Plotting

xlwings Lite lets you create plots with the usual Python plotting libraries and bring them into Excel. Depending on where your code runs—a custom function, a script, or the notebook—the way you display a plot differs slightly. This page gives you an overview of all three.

At a glance:

Where

How the plot is shown

Libraries

Custom functions

Returned as an in-cell image into the calling cell. An over-the-cells image can be added.

Matplotlib*

Scripts

Embedded as a picture on the sheet

Matplotlib*

Notebook

Rendered inline in the output pane.

Matplotlib* and Plotly

* This includes all libraries that are built on top of Matplotlib, including pandas, Seaborn, Plotnine, etc.

Custom functions

See Plots in the custom functions tutorial.

Scripts

In a script, you have access to the Excel object model, so you can embed a plot as a picture directly onto a sheet via sheet.pictures.add():

import matplotlib.pyplot as plt
import xlwings as xw
from xlwings import script

@script
def add_plot(book: xw.Book):
    sheet = book.sheets[0]

    fig, ax = plt.subplots()
    ax.plot([1, 2, 3, 4, 5])

    sheet.pictures.add(fig, name="MyPlot", update=True, anchor=sheet["A1"])

A few things to note:

  • Use name together with update=True to replace an existing picture with the same name instead of adding a new one on every run.

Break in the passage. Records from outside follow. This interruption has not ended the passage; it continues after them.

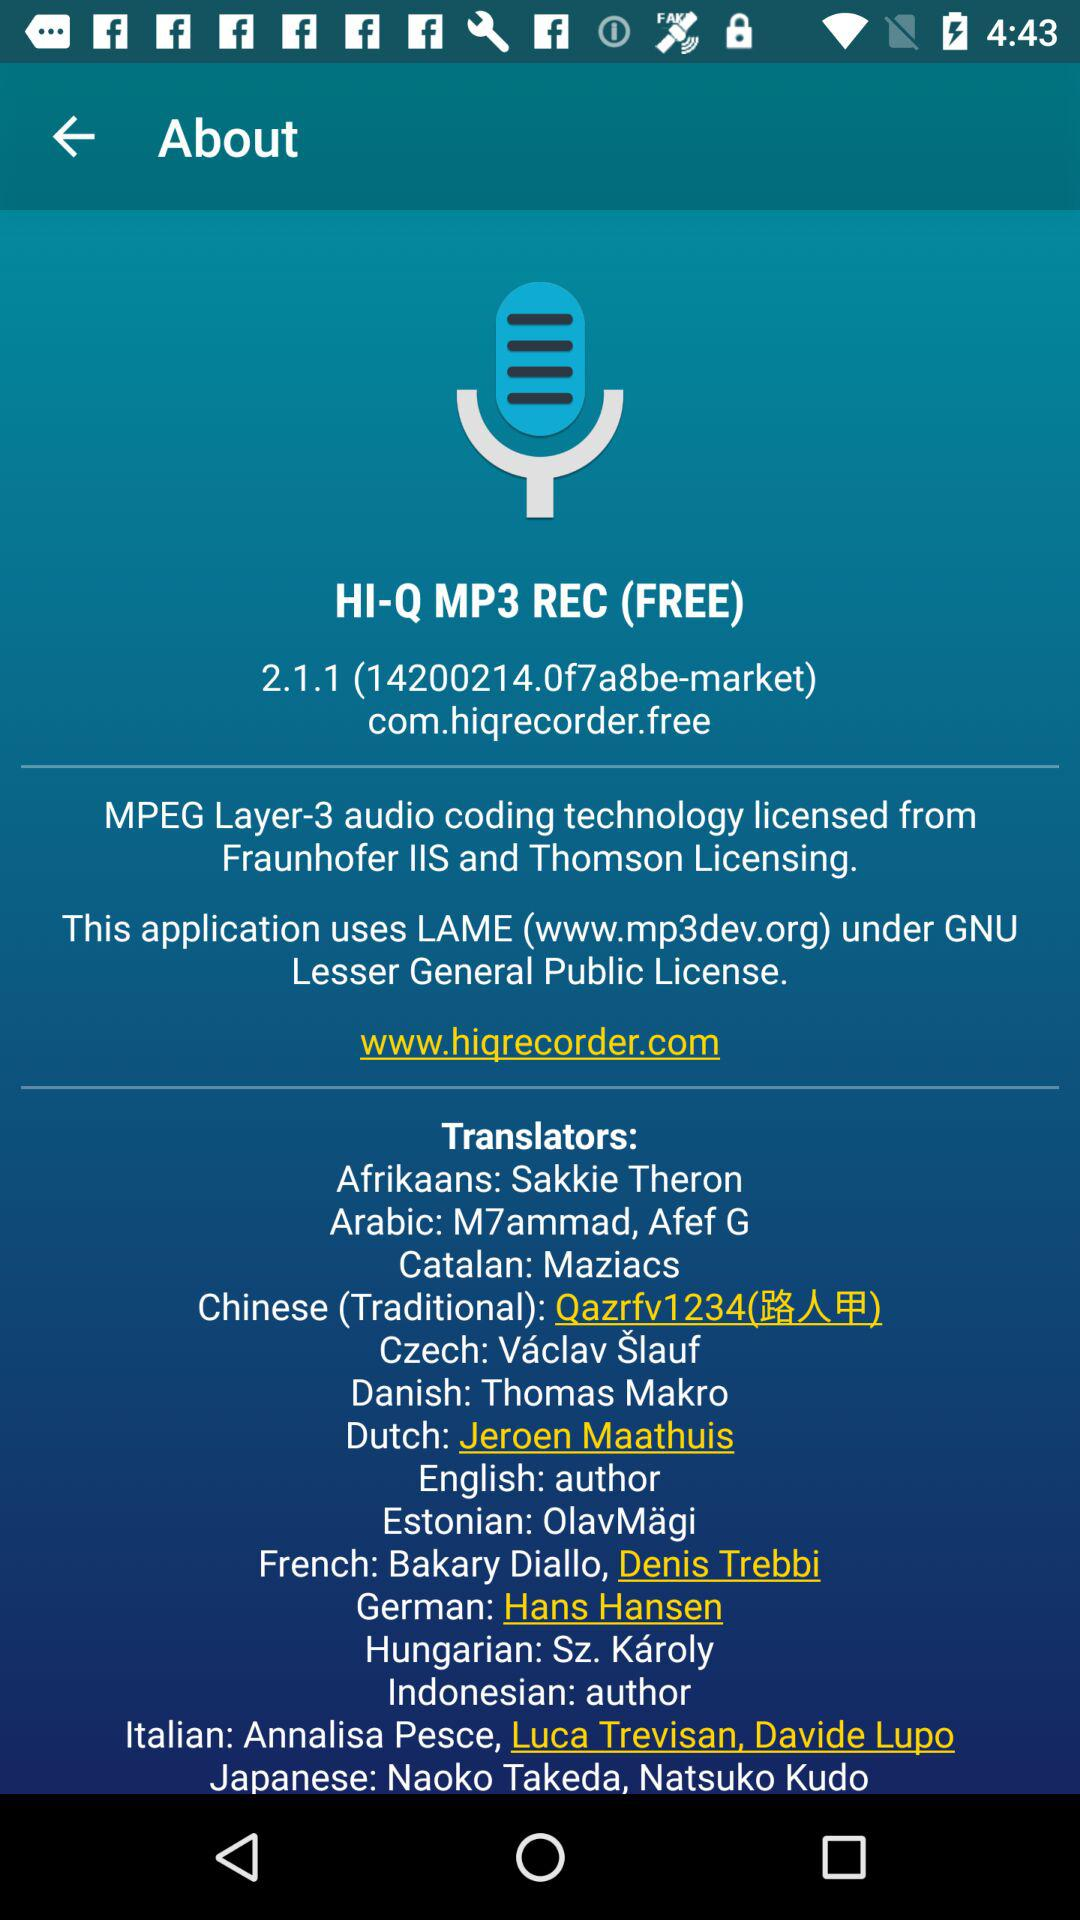Who is the translator of English? The translator of English is the author. 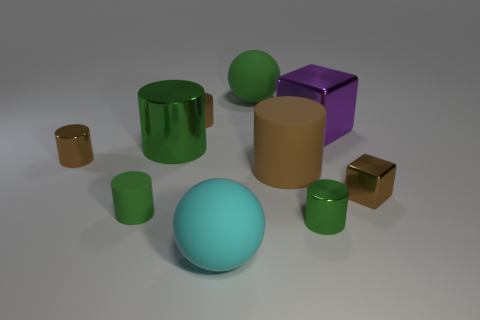How many other things are there of the same color as the small metal block?
Provide a short and direct response. 3. What number of big green things are in front of the brown thing behind the big green shiny thing?
Your answer should be very brief. 1. Are there any green things behind the small rubber object?
Make the answer very short. Yes. There is a green metal object in front of the small brown object that is on the right side of the large metal block; what is its shape?
Provide a succinct answer. Cylinder. Is the number of tiny blocks that are behind the large brown rubber cylinder less than the number of brown cylinders to the left of the big cyan rubber thing?
Your answer should be very brief. Yes. There is another tiny object that is the same shape as the purple object; what color is it?
Your response must be concise. Brown. What number of matte things are behind the big shiny cylinder and in front of the purple thing?
Offer a very short reply. 0. Is the number of large green rubber objects in front of the big cyan rubber sphere greater than the number of small green metallic objects on the right side of the big green matte object?
Offer a very short reply. No. The green rubber ball is what size?
Your response must be concise. Large. Is there a big green matte thing of the same shape as the brown matte object?
Keep it short and to the point. No. 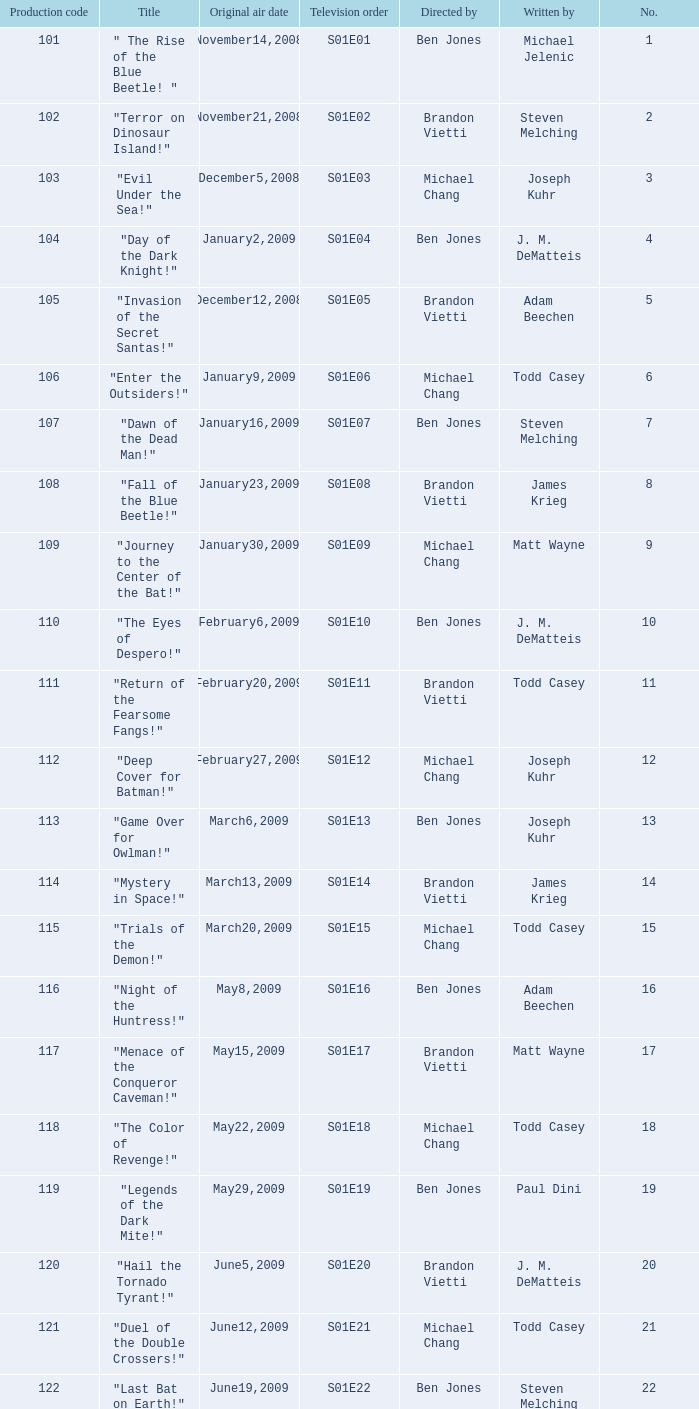Who wrote s01e06 Todd Casey. 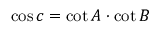Convert formula to latex. <formula><loc_0><loc_0><loc_500><loc_500>\cos c = \cot A \cdot \cot B</formula> 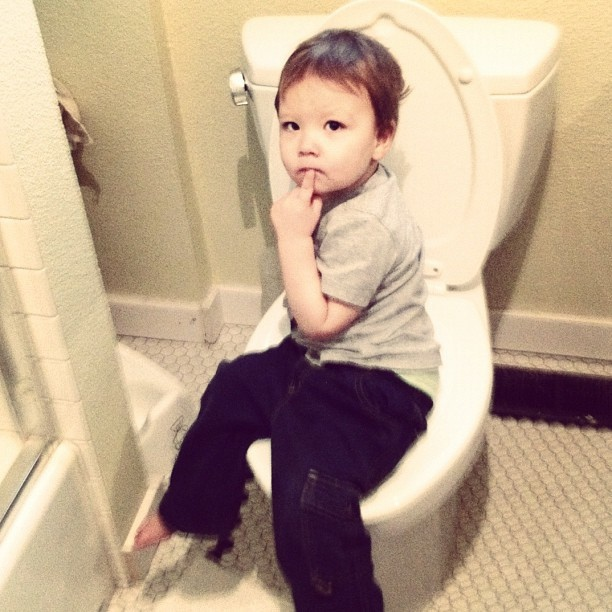Describe the objects in this image and their specific colors. I can see toilet in beige, navy, and tan tones and people in beige, navy, tan, and brown tones in this image. 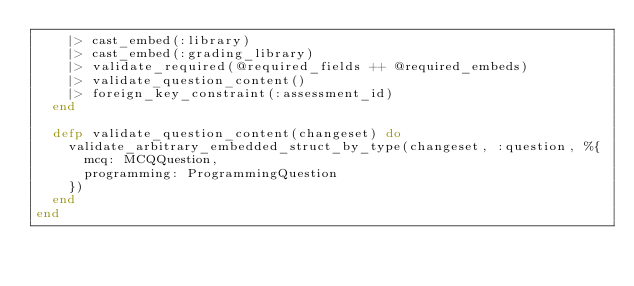Convert code to text. <code><loc_0><loc_0><loc_500><loc_500><_Elixir_>    |> cast_embed(:library)
    |> cast_embed(:grading_library)
    |> validate_required(@required_fields ++ @required_embeds)
    |> validate_question_content()
    |> foreign_key_constraint(:assessment_id)
  end

  defp validate_question_content(changeset) do
    validate_arbitrary_embedded_struct_by_type(changeset, :question, %{
      mcq: MCQQuestion,
      programming: ProgrammingQuestion
    })
  end
end
</code> 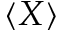<formula> <loc_0><loc_0><loc_500><loc_500>\langle X \rangle</formula> 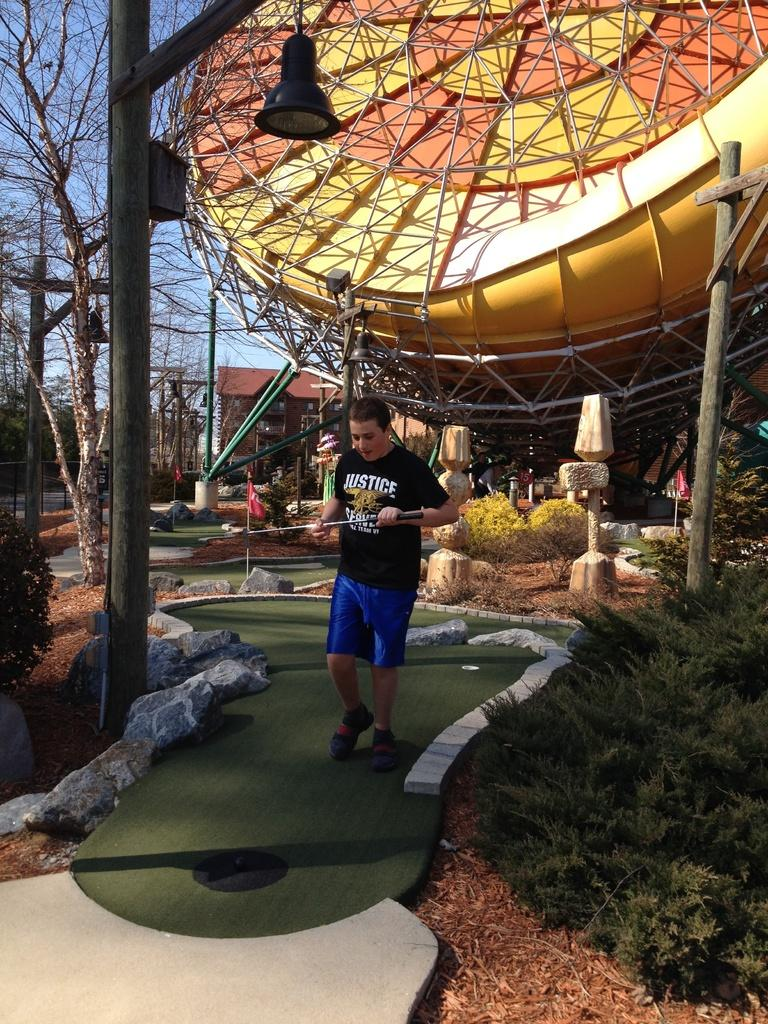What is the person in the image doing? There is a person walking in the image. What is the person carrying while walking? The person is carrying an object. Can you describe any light source in the image? There is a lamp in the image. What type of vegetation can be seen in the image? Plants and trees are visible in the image. What type of paste is being used to fix the box in the image? There is no box or paste present in the image.

  • You can fine-tune the export with export_options, which is passed on to Matplotlib’s savefig(), e.g. export_options={"dpi": 300}.

Notebook

The notebook.py tab works like a Jupyter notebook: cells are separated with # %% and their output is shown in the output pane.

Matplotlib

# %%
import matplotlib.pyplot as plt

plt.plot([1, 2, 3, 4, 5])

or, using the object-oriented interface:

# %%
import matplotlib.pyplot as plt

fig, ax = plt.subplots()
ax.plot([1, 2, 3, 4, 5])

Plotly

# %%
import plotly.express as px

df = px.data.iris()
px.scatter(df, x="sepal_width", y="sepal_length", color="species")

or

# %%
import plotly.express as px

df = px.data.iris()
fig = px.scatter(df, x="sepal_width", y="sepal_length", color="species")
fig.show()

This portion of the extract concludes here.